# TASK INSTRUCTIONS
The line with "m_Sequences.assign(1, ModSequence(m_sndFile));", the line with "SetSequence(GetNumSequences() - 1);", and all lines between them in the material below: return these exactly, and no others.

# DATA SHOWN

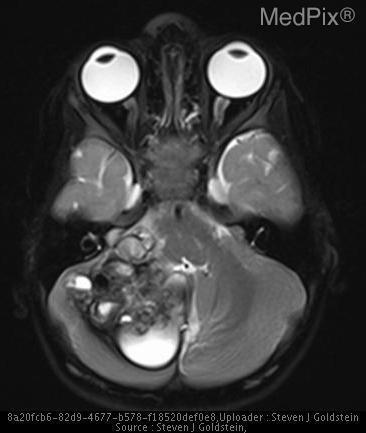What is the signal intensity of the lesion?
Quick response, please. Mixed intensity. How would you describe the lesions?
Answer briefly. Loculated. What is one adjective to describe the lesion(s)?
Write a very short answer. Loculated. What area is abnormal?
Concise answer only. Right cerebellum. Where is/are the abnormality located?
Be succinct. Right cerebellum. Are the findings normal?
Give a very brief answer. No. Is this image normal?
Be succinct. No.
...
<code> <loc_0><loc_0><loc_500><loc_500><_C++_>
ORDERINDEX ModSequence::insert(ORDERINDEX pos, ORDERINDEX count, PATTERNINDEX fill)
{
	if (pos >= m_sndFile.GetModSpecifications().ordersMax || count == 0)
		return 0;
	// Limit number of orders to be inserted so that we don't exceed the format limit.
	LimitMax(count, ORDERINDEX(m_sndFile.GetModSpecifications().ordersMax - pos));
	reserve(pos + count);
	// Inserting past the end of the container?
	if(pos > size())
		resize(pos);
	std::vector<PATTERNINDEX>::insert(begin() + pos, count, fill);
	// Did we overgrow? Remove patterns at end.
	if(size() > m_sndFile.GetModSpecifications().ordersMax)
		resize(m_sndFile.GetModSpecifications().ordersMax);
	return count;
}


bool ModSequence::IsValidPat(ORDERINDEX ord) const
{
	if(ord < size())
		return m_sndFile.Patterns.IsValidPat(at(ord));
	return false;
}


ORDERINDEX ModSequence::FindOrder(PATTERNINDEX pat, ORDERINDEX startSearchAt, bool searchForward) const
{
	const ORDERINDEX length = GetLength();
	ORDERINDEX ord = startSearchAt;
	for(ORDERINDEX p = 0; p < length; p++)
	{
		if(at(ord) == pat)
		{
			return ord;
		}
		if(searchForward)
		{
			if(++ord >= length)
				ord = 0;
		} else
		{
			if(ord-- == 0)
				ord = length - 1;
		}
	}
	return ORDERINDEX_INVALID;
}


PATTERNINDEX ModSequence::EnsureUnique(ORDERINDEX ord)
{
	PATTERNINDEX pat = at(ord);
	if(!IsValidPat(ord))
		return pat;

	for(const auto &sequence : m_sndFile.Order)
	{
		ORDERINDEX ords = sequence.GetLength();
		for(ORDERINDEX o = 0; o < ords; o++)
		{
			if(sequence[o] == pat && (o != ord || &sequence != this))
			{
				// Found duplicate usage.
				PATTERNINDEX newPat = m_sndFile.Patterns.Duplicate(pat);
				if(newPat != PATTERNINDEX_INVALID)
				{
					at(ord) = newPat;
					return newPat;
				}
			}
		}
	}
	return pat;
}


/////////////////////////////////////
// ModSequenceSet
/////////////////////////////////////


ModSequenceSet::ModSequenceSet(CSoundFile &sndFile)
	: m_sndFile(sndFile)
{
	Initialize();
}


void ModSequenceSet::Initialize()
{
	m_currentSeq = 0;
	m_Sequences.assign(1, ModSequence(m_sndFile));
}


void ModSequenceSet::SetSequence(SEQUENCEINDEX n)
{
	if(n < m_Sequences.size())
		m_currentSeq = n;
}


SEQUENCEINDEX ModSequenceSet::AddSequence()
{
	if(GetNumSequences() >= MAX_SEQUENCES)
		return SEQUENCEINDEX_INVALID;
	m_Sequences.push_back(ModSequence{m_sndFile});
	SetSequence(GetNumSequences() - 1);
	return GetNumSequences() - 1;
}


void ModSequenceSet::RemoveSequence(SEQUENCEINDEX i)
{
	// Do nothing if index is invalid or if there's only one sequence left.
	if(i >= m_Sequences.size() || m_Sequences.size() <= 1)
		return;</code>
---
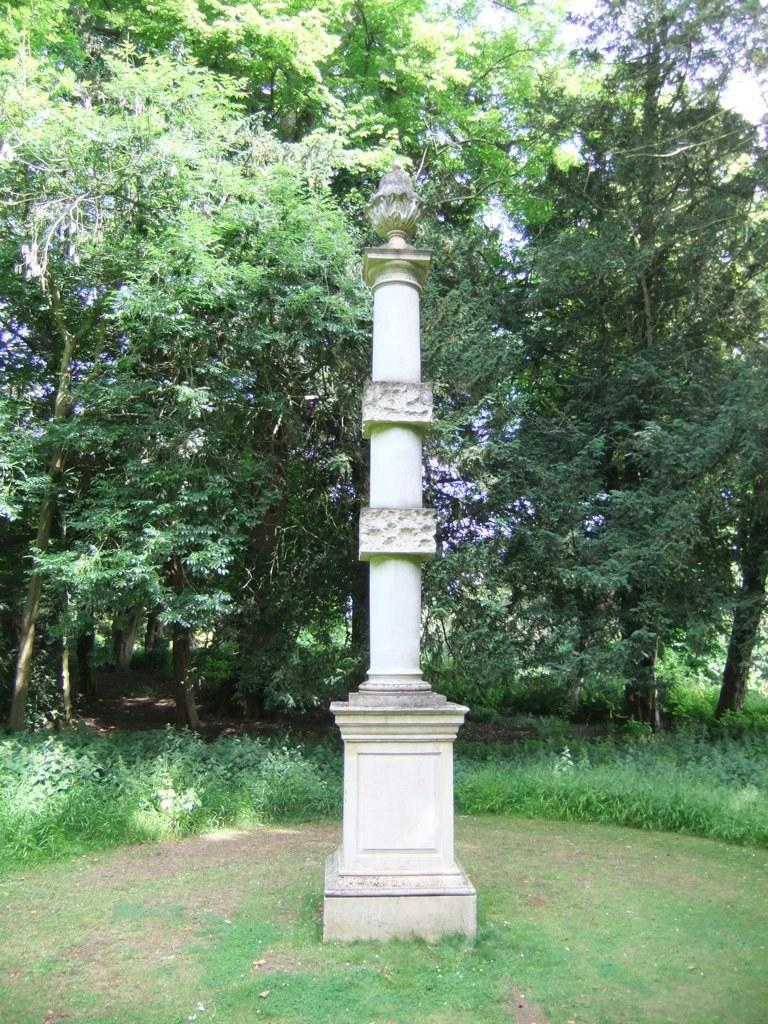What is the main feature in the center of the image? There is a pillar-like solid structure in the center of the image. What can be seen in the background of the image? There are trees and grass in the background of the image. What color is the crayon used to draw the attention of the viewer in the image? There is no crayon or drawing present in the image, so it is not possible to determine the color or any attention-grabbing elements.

# EXERCISE SOLUTION
	m_Sequences.assign(1, ModSequence(m_sndFile));
}


void ModSequenceSet::SetSequence(SEQUENCEINDEX n)
{
	if(n < m_Sequences.size())
		m_currentSeq = n;
}


SEQUENCEINDEX ModSequenceSet::AddSequence()
{
	if(GetNumSequences() >= MAX_SEQUENCES)
		return SEQUENCEINDEX_INVALID;
	m_Sequences.push_back(ModSequence{m_sndFile});
	SetSequence(GetNumSequences() - 1);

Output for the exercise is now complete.